**The task**
The answer should hold exactly the lines of the entries below from the one containing "Next, the electrical component (201,142,412,335)." through the last line, both included.

━━━━━ Given records ━━━━━

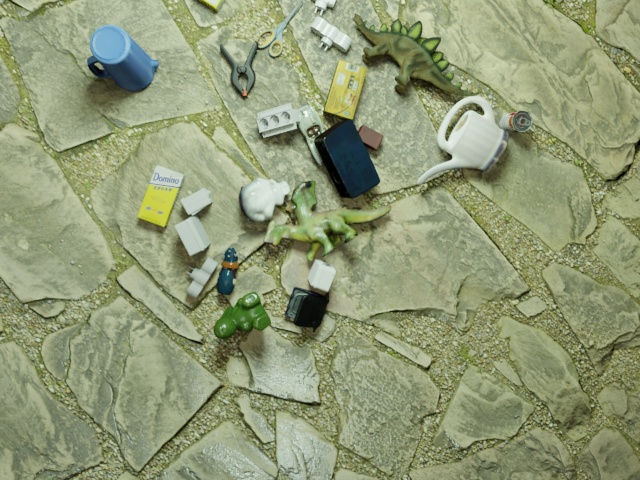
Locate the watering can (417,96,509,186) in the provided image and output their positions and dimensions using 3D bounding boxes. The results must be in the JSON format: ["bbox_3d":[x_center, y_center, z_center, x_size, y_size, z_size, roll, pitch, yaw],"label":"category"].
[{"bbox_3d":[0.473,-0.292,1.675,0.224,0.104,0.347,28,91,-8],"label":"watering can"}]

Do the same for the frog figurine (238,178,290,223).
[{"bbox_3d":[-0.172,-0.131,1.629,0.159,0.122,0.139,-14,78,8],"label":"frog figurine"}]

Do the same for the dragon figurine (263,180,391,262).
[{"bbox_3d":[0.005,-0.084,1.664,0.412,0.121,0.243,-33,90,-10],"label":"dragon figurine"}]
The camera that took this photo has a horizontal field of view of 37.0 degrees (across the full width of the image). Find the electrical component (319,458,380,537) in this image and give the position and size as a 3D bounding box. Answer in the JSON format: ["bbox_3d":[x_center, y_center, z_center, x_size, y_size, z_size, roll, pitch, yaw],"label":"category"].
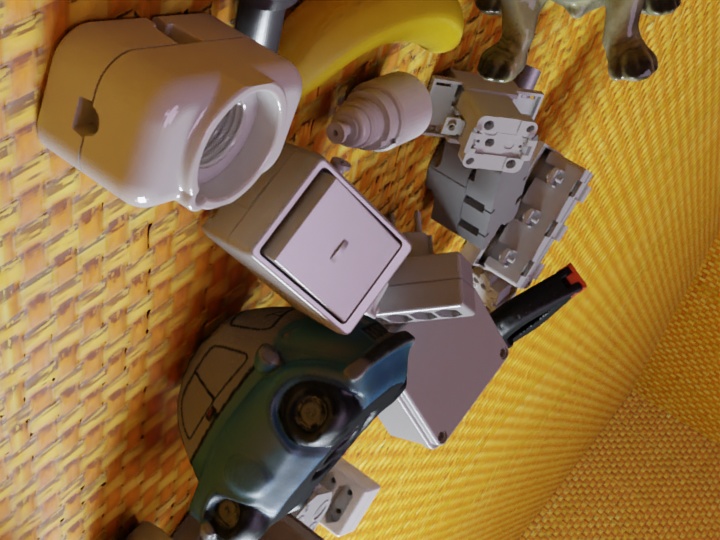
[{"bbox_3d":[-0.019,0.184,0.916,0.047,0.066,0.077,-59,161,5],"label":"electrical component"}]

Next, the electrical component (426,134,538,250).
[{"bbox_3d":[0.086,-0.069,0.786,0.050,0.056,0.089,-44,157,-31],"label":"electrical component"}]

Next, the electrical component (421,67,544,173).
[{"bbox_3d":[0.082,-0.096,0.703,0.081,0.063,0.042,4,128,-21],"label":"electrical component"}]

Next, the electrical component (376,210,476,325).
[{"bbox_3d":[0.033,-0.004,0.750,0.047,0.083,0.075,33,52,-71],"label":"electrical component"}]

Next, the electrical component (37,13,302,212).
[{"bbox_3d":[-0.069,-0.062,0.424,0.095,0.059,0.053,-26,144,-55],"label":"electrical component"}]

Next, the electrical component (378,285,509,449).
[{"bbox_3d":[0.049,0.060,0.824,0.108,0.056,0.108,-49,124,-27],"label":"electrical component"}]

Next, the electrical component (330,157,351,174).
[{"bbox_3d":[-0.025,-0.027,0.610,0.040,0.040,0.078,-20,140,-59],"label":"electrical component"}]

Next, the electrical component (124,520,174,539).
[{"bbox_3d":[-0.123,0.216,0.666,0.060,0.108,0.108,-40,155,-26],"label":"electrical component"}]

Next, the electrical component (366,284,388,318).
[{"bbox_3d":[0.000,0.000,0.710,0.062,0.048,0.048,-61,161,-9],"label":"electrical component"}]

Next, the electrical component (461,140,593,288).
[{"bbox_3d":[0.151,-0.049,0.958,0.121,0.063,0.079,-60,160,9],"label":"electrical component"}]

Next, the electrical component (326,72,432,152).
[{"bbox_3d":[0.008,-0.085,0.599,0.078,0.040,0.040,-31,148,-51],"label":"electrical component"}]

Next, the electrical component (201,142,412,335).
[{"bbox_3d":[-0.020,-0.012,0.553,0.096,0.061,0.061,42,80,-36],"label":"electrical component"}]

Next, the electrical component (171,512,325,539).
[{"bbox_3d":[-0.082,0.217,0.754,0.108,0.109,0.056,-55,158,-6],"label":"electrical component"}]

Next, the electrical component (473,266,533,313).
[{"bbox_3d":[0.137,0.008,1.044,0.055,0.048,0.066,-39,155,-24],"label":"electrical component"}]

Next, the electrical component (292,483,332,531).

━━━━━

**Task result**
Next, the electrical component (201,142,412,335).
[{"bbox_3d":[-0.020,-0.012,0.553,0.096,0.061,0.061,42,80,-36],"label":"electrical component"}]

Next, the electrical component (171,512,325,539).
[{"bbox_3d":[-0.082,0.217,0.754,0.108,0.109,0.056,-55,158,-6],"label":"electrical component"}]

Next, the electrical component (473,266,533,313).
[{"bbox_3d":[0.137,0.008,1.044,0.055,0.048,0.066,-39,155,-24],"label":"electrical component"}]

Next, the electrical component (292,483,332,531).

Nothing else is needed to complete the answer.